Глаза женщины зло сощурились, неприятная гримаса на мгновение перекосила ее лицо, сразу резко состарив его.
– Во всяком случае, я прилетела сюда не для того, чтобы познакомиться с твоей женой. Думаю, что проживу без этой чести, как жила без нее до сих пор. Просто сегодня утром мне позвонил кто-то из служащих этого отеля и сказал, что у тебя второй инфаркт, состояние крайне тяжелое и ты срочно хочешь видеть меня и моих детей. Слышимость была отвратительной, я даже не разобрала, кто звонил – мужчина или женщина, но мы сразу собрались и прилетели.
– И ты, конечно, вообразила, что я собрался завещать твоим милым деткам свои деньги?
– А почему бы и нет, ведь они твои родные племянники.
– Прежде всего они бездельники и паразиты, как и их спившийся папаша, да и ты сама. А что касается мифического звонка о моем втором инфаркте, – м-р Гарриман саркастически рассмеялся, – то в качестве' предлога для прилета сюда ты могла бы придумать что-нибудь поумней. Как видишь, я чувствую себя отлично, но даже если бы это было не так, то тебе от этого ни жарко ни холодно, потому что по моему завещанию ни тебе, ни твоим детям не достанется ни цента моих денег. Так что ждать моей смерти тебе нет никакого резона.
Брат и сестра, оглянувшись на портье, отошли подальше от его стойки, но накопившееся друг на друга раздражение и неприязнь лишили их осторожности, они говорили, уже не понижая голоса. Тонкие губы женщины подергивались нервной судорогой, она торопилась высказаться прежде, чем ее оборвут.

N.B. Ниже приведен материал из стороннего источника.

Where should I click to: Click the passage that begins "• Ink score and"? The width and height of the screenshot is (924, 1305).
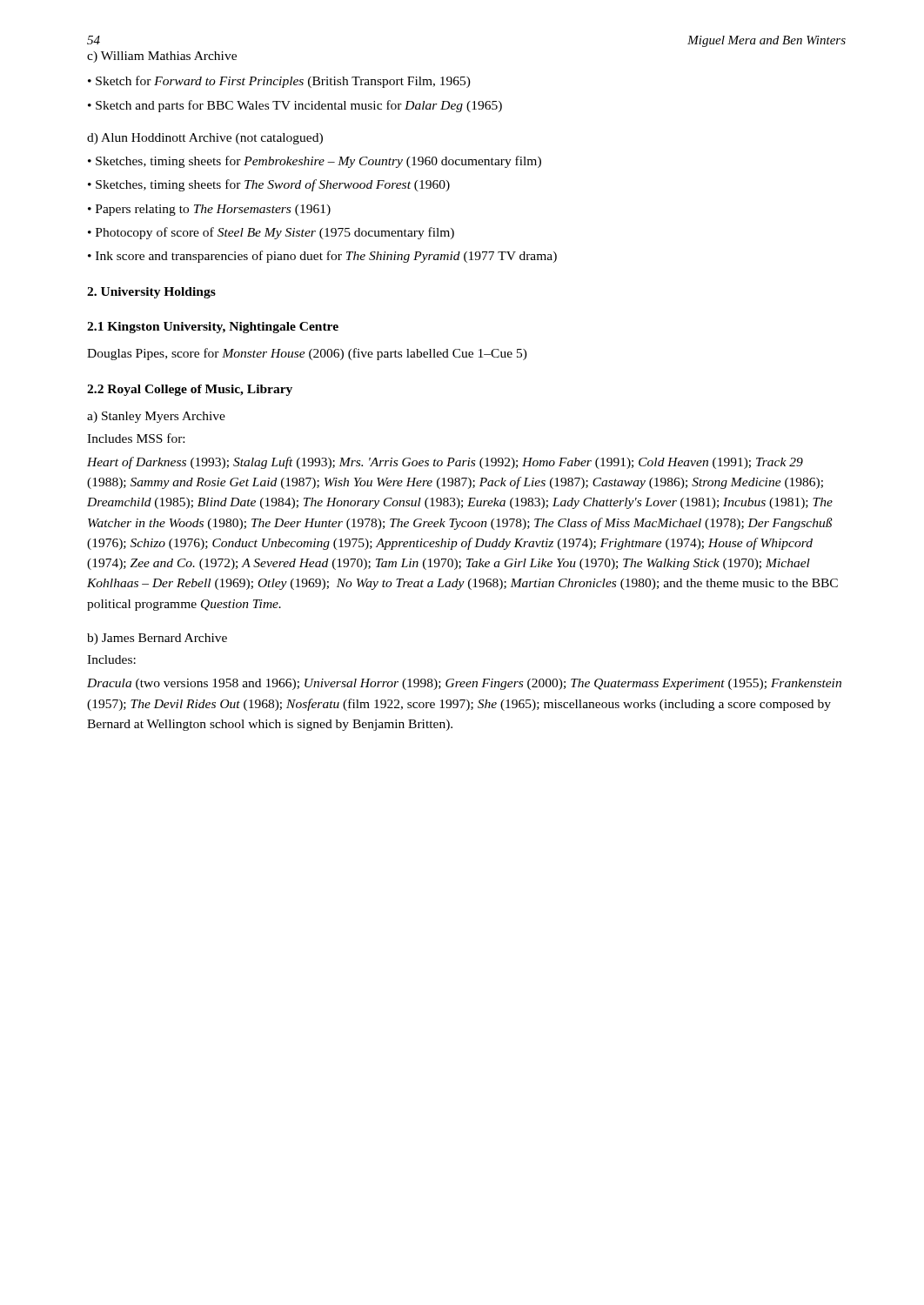(x=322, y=255)
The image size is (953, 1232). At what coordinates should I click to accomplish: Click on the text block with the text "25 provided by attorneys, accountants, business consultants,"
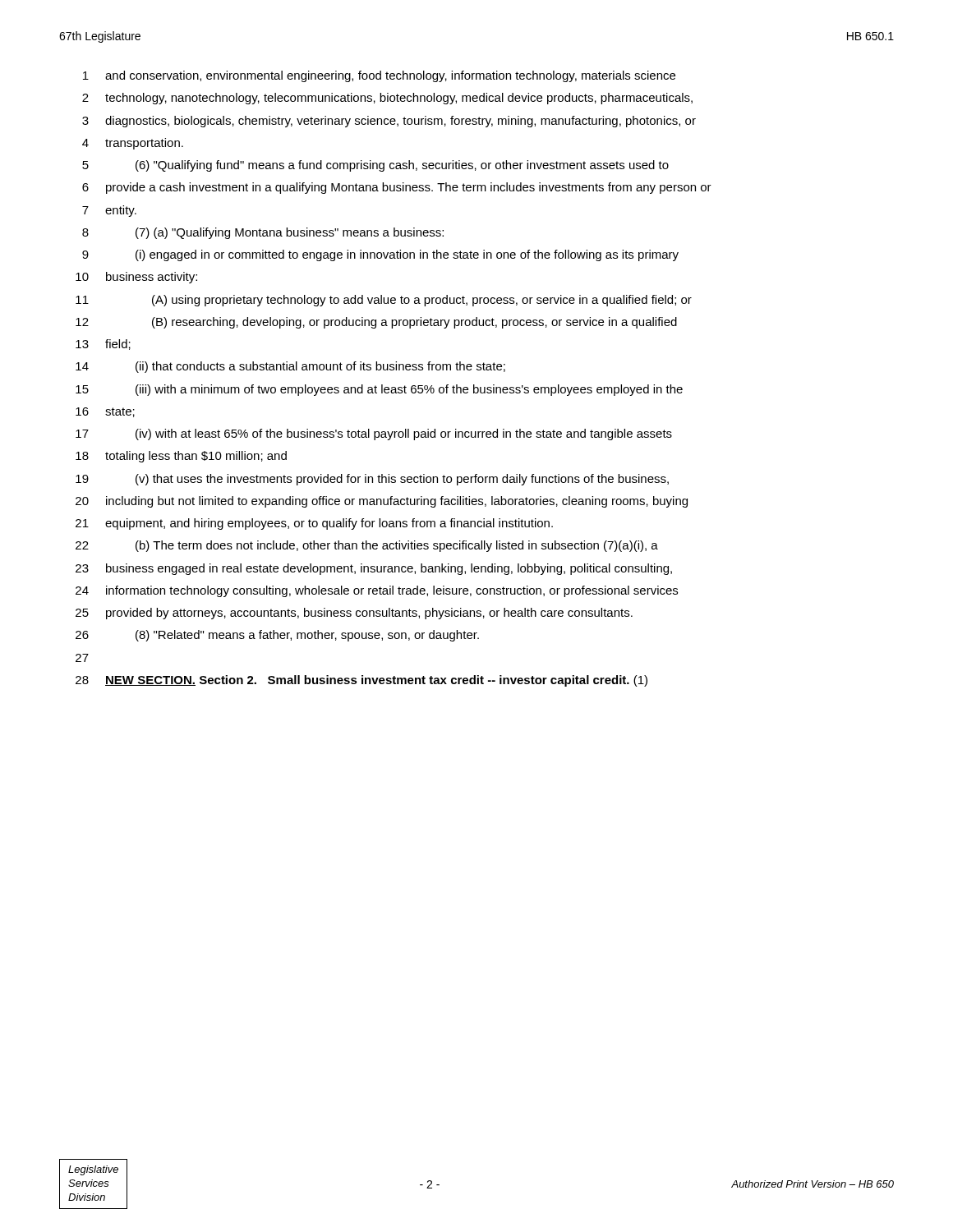(476, 612)

– Ах, вот как! Своих ближайших родственников ты в завещании не упоминаешь, А кому же ты оставляешь деньги? Своей жене? Ты думаешь, что, женившись на медсестре, которая таскала из-под тебя горшки, ты ее осчастливил? Думаешь, что она всю жизнь будет тебе благодарна лишь за то, что ты позволил ей носить твою фамилию? О, ты очень ошибаешься, братец! Я сама женщина и знаю женщин. Уверена, что ты далеко не первый из пациентов, с которым она спала прямо на больничной койке в расчете устроить свою жизнь. Она вышла замуж за тебя, надеясь на роскошную жизнь, а что вместо-этого ты ей дал? Я же знаю от наших общих знакомых, что вы нигде не бываете и к вам почти никто не ходит. За все пять лет, что вы женаты, ты ни разу не вывез ее даже в Нью-Йорк, не то что в Европу. Думаешь, какой-нибудь молодой женщине понравиться сидеть всю жизнь в четырех стенах, а отдыхать на этом крошечном островке с единственным отелем, где и общества-то никакого нет. Воображаешь, что она настолько без ума от тебя, что не нуждается ни в ком другом? Идиот, да что ты сейчас представляешь из себя как мужчина после того инфаркта? Я ведь вижу, как ты дышишь, и могу догадываться, как мало можно от тебя теперь получить в постели.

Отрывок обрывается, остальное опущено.